At the 2025 AMCP annual meeting in Houston from March 31 to April 3, John M. O'Brien, Pharm.D., MPH, president and CEO of the National Pharmaceutical Council (NPC), shared concerns and potential reforms in a conversation with Managed Healthcare Executive.
The 340B Drug Pricing Program, originally created to provide affordable medications for low-income patients, is finding itself in the hot seat due to its increased expansion and rising costs to employers and state governments.
At the 2025 AMCP annual meeting in Houston from March 31 to April 3, John M. O'Brien, Pharm.D., MPH, president and CEO of the National Pharmaceutical Council (NPC), shared concerns and potential reforms in a conversation with Managed Healthcare Executive.
O’Brien dove deeper into this topic during his session at the meeting titled, “Understanding 340B Stakeholder Perspectives, Litigation Trends, and Reform Prospects.”
In our conversation, he addressed the need for reform, noting alarming trends in program growth and financial impacts.
“I think reforms to the 340B program are urgently needed to rein in the growth, particularly the growth in profiteering of the program," O'Brien said. “This buy low, sell high program is functioning as a drug markup program by hospitals, and I think it’s really moving far away from the original intended purpose of the program.”

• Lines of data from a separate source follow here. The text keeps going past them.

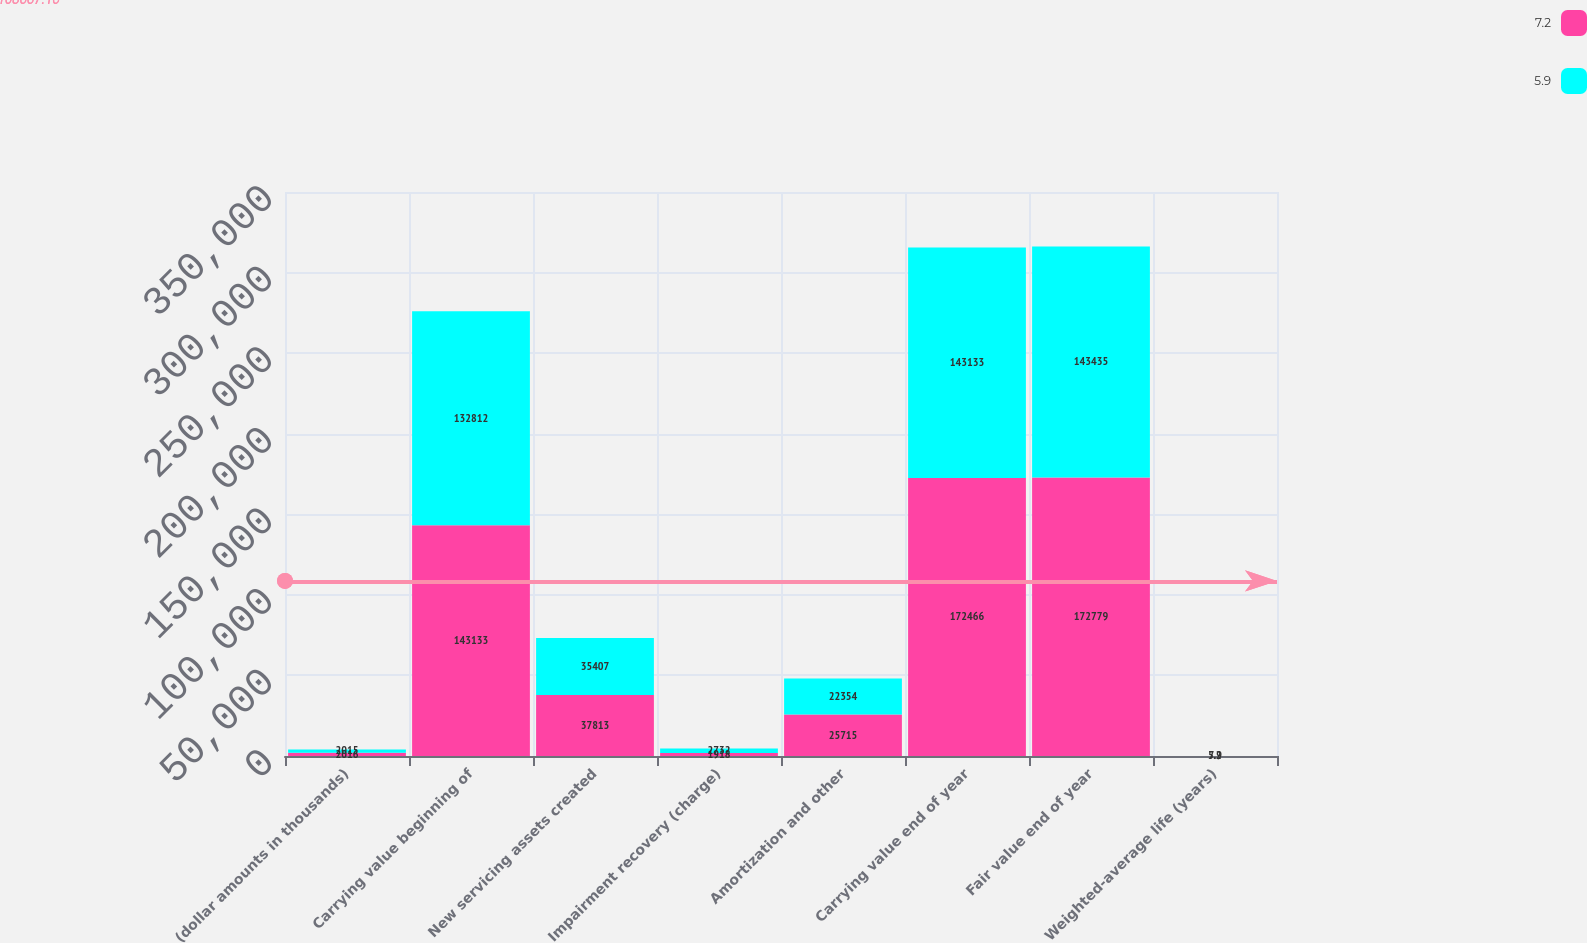Convert chart. <chart><loc_0><loc_0><loc_500><loc_500><stacked_bar_chart><ecel><fcel>(dollar amounts in thousands)<fcel>Carrying value beginning of<fcel>New servicing assets created<fcel>Impairment recovery (charge)<fcel>Amortization and other<fcel>Carrying value end of year<fcel>Fair value end of year<fcel>Weighted-average life (years)<nl><fcel>7.2<fcel>2016<fcel>143133<fcel>37813<fcel>1918<fcel>25715<fcel>172466<fcel>172779<fcel>7.2<nl><fcel>5.9<fcel>2015<fcel>132812<fcel>35407<fcel>2732<fcel>22354<fcel>143133<fcel>143435<fcel>5.9<nl></chart> 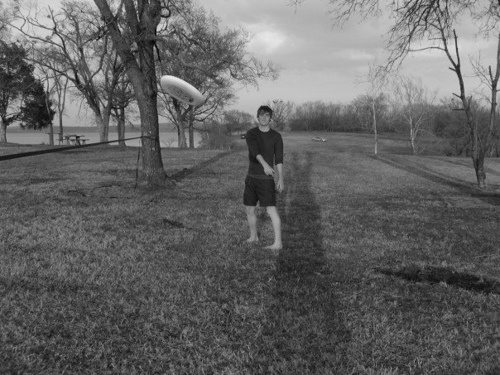Describe the objects in this image and their specific colors. I can see people in gray, black, and lightgray tones, frisbee in lightgray, gray, darkgray, and black tones, dining table in gray, black, and lightgray tones, bench in gray, black, and lightgray tones, and bench in gray, black, and lightgray tones in this image. 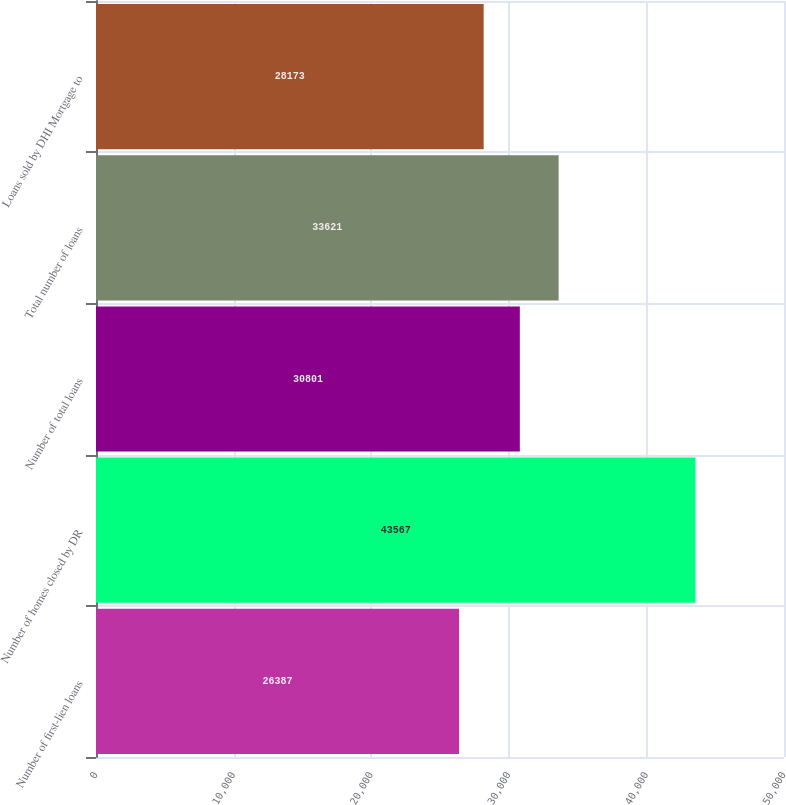Convert chart. <chart><loc_0><loc_0><loc_500><loc_500><bar_chart><fcel>Number of first-lien loans<fcel>Number of homes closed by DR<fcel>Number of total loans<fcel>Total number of loans<fcel>Loans sold by DHI Mortgage to<nl><fcel>26387<fcel>43567<fcel>30801<fcel>33621<fcel>28173<nl></chart>

He pointed to data showing the program has grown by 50% over the past two years, costing self-insured employers about $5 billion in lost rebates and adding $1 billion in increased costs to state and local governments.
New data from the National Alliance of Healthcare Purchaser Coalitions showed that a 7.5% rise in claims costs at safety-net-owned hospitals has added $36 billion in spending.
“Many people think that this is a victimless crime,” he said, “but the data is starting to show that employers are starting to become affected.”
When asked about the legal and regulatory challenges facing the 340B program, O’Brien said that as a pharmacist, he believes that prescription medicines are “something that help people get well, stay healthy and avoid higher cost care settings.”
While 340B is a key program in managing drug costs, he added, it's part of a bigger system that often prioritizes financial margins over patient care.
“It’s not just 340B,” he said. “When I think about prescription drug affordability boards, commercial gross-to-net spread, I think all of these things function in a way that isn’t necessarily helping patients. If we keep taking little cuts out of this industry, we have the potential to hit an artery.”
O'Brien also pointed out that the program doesn’t work the same way everywhere.
Research from NPC found that hospitals in wealthier areas are more likely to raise drug prices—potentially hurting those who need help the most.
Regarding rural healthcare, O'Brien discussed the importance of 340B to safety-net providers.
“As someone who takes their own mom to a federally qualified health center for her routine care, I understand how important this program is to underserved areas, particularly rural, underserved areas,” he said.
However, he warned that unchecked growth could lead to higher costs, even in those states.
“I believe it was IQVIA that did some recent work that found that the state of South Dakota, employers in that state may be spending $57 million more because of the 340B program,” O’Brien said. “The new legislation that was passed has a potential to increase that higher spending to about $80 million.”
He concluded by saying he thinks all states, not only South Dakota, should be having a serious conversation about the 340B program and how it's working in their state.